Saved data entries
---

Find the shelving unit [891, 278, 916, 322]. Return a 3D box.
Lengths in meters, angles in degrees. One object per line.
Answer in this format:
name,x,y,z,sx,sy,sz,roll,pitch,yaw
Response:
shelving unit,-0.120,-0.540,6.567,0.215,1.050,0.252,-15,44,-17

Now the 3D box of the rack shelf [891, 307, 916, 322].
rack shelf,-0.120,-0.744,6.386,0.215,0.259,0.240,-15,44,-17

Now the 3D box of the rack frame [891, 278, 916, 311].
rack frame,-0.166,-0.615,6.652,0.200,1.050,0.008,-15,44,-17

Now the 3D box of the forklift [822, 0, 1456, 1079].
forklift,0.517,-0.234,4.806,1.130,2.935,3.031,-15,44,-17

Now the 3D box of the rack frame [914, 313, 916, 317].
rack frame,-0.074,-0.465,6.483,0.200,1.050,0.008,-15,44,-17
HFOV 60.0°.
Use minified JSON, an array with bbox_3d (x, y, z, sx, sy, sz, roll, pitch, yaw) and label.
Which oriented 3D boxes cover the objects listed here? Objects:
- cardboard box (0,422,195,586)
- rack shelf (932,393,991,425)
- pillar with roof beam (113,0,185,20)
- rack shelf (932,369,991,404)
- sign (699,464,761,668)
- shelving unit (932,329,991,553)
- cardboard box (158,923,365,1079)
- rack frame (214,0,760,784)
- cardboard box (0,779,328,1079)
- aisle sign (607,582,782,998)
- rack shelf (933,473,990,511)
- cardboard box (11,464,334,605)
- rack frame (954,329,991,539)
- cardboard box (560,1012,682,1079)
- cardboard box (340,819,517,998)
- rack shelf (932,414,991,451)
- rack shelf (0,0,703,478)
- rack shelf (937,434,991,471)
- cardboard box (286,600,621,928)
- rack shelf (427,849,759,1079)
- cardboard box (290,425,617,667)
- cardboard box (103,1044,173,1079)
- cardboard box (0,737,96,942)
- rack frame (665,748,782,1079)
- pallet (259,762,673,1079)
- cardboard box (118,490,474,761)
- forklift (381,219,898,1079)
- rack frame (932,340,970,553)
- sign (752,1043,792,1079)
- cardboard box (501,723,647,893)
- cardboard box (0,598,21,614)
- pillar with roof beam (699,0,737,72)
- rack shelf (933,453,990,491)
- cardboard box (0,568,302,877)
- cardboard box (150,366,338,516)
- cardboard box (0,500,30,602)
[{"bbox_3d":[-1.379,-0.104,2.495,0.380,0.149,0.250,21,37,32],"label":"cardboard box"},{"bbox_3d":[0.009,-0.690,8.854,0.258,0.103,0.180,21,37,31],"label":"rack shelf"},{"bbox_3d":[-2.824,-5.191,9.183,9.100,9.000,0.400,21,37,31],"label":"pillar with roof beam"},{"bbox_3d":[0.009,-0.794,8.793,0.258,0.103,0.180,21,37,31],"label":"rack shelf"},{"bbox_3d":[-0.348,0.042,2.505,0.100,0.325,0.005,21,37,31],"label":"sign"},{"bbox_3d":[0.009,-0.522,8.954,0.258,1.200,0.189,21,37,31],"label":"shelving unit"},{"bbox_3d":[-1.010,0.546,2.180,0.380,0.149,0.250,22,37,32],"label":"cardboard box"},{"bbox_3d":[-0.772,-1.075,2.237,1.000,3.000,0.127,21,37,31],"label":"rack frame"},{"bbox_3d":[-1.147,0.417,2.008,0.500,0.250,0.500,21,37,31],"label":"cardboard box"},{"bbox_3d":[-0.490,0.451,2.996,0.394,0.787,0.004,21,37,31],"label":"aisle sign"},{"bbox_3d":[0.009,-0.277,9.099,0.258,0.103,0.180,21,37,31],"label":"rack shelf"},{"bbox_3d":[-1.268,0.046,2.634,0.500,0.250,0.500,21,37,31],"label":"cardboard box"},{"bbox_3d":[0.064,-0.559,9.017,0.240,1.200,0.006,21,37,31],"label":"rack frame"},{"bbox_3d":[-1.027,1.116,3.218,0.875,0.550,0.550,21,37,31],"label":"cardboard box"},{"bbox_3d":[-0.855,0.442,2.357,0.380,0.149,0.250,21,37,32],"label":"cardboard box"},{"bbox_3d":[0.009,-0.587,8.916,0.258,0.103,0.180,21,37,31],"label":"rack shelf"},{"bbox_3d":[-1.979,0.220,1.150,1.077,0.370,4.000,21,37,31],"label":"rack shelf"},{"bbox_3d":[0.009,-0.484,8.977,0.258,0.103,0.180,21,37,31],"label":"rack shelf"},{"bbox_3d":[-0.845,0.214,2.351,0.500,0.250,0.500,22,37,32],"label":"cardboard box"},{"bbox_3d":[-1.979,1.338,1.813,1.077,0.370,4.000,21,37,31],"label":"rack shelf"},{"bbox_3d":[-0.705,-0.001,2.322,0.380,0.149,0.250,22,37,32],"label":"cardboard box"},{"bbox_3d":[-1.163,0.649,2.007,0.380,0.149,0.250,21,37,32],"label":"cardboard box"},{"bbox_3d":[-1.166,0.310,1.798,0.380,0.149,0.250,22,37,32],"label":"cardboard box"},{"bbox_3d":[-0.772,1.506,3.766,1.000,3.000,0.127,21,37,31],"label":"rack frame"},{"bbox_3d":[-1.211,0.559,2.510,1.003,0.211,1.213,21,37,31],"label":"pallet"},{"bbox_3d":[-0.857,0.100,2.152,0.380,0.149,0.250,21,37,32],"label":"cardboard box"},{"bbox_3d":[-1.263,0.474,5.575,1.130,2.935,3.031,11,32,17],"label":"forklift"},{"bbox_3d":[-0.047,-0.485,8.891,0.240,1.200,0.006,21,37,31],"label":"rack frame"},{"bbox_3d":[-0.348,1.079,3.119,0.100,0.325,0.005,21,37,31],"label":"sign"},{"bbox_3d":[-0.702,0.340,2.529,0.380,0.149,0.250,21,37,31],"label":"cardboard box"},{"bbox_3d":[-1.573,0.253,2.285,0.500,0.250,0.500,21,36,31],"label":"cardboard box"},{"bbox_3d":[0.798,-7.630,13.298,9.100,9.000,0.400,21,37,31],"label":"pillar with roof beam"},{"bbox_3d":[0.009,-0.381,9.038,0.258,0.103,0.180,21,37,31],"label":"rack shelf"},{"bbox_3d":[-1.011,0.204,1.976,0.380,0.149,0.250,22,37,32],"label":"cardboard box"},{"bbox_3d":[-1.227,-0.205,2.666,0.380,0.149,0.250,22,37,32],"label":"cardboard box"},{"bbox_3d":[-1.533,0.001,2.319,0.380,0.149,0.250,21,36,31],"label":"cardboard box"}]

---

# What is being asked:
Wherever "roll" appears in a line of the entries, copy that line.

# Task solution:
name,x,y,z,sx,sy,sz,roll,pitch,yaw
Use minified JSON, an array with bbox_3d (x, y, z, sx, sy, sz, roll, pitch, yaw) and label.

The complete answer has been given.